Honest assessment of what this module can and cannot do:

| Capability | Status | Notes |
|-----------|--------|-------|
| Characterization test generation | Agent-guided | Agent writes tests following Feathers recipe, not fully automated |
| Friction detection | Heuristic | Pattern matching for sleeps, retries, magic values. Not exhaustive. |
| Equivalence verification | System-boundary | Not formal verification (HEC/arXiv:2506.02290 is research-stage) |
| Multi-agent decomposition | Sequential | True parallel decomposition like AWS Transform requires cloud infra |
| Institutional knowledge extraction | Best-effort | Comment/blame analysis. Cannot extract unwritten tribal knowledge. |
| Scale | <50K LOC practical | RepoMod-Bench: pass rates drop to 15.3% above 50K LOC |

---

## Quick Reference

```bash
# Start healing a legacy codebase
loki heal ./legacy-app

# Archaeology only (extract knowledge, don't modify)
loki heal ./legacy-app --archaeology-only

# Resume healing from last checkpoint
loki heal ./legacy-app --resume

# View healing progress
loki heal --status

# View friction map
loki heal --friction-map ./legacy-app

# Generate healing report
loki heal --report

# Strict mode: block any behavioral change without approval
LOKI_HEAL_STRICT=true loki heal ./legacy-app
```

## Checkpoint metadata hardening (v7.5.8)

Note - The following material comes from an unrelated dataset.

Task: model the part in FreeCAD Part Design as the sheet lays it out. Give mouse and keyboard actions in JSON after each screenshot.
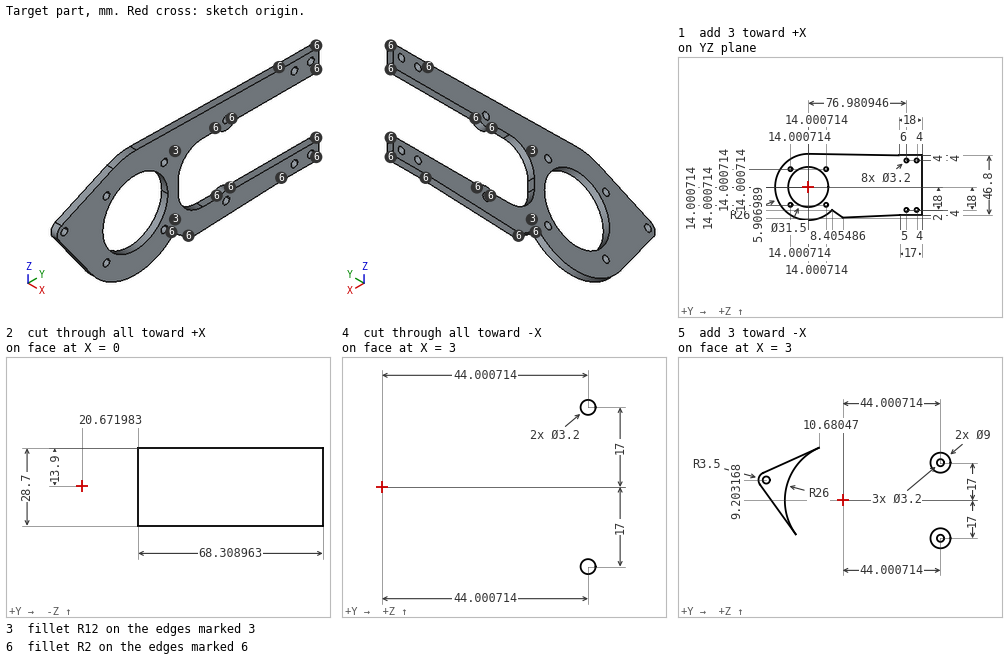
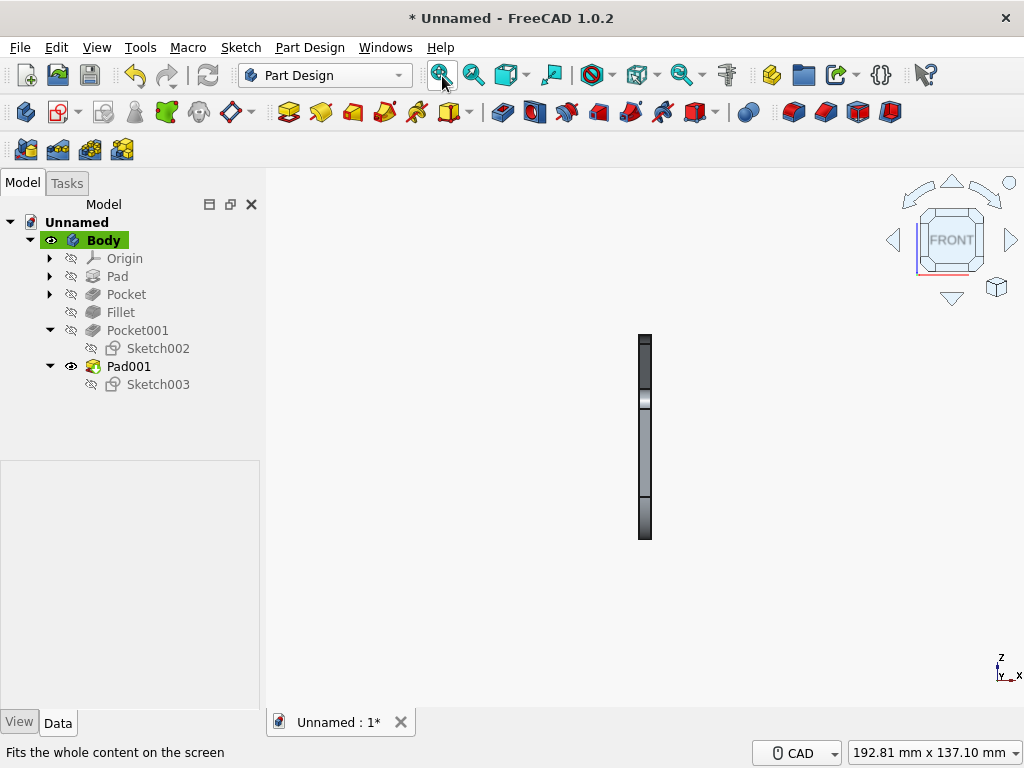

As defense-in-depth for the healing checkpoint store, the checkpoint
writer now rejects ASCII control characters (U+0000-U+001F except TAB,
LF, CR, plus U+007F) anywhere in checkpoint metadata keys or values
before persisting `.loki/healing/checkpoints/<phase>.json`. This blocks
log-injection and JSON-poisoning vectors where adapter output, friction
notes, or institutional-knowledge excerpts could smuggle terminal
escapes or NUL bytes into the resume path. Rejected writes raise a
typed error and never partially overwrite the prior checkpoint, so
`loki heal --resume` always restarts from a clean, validated state.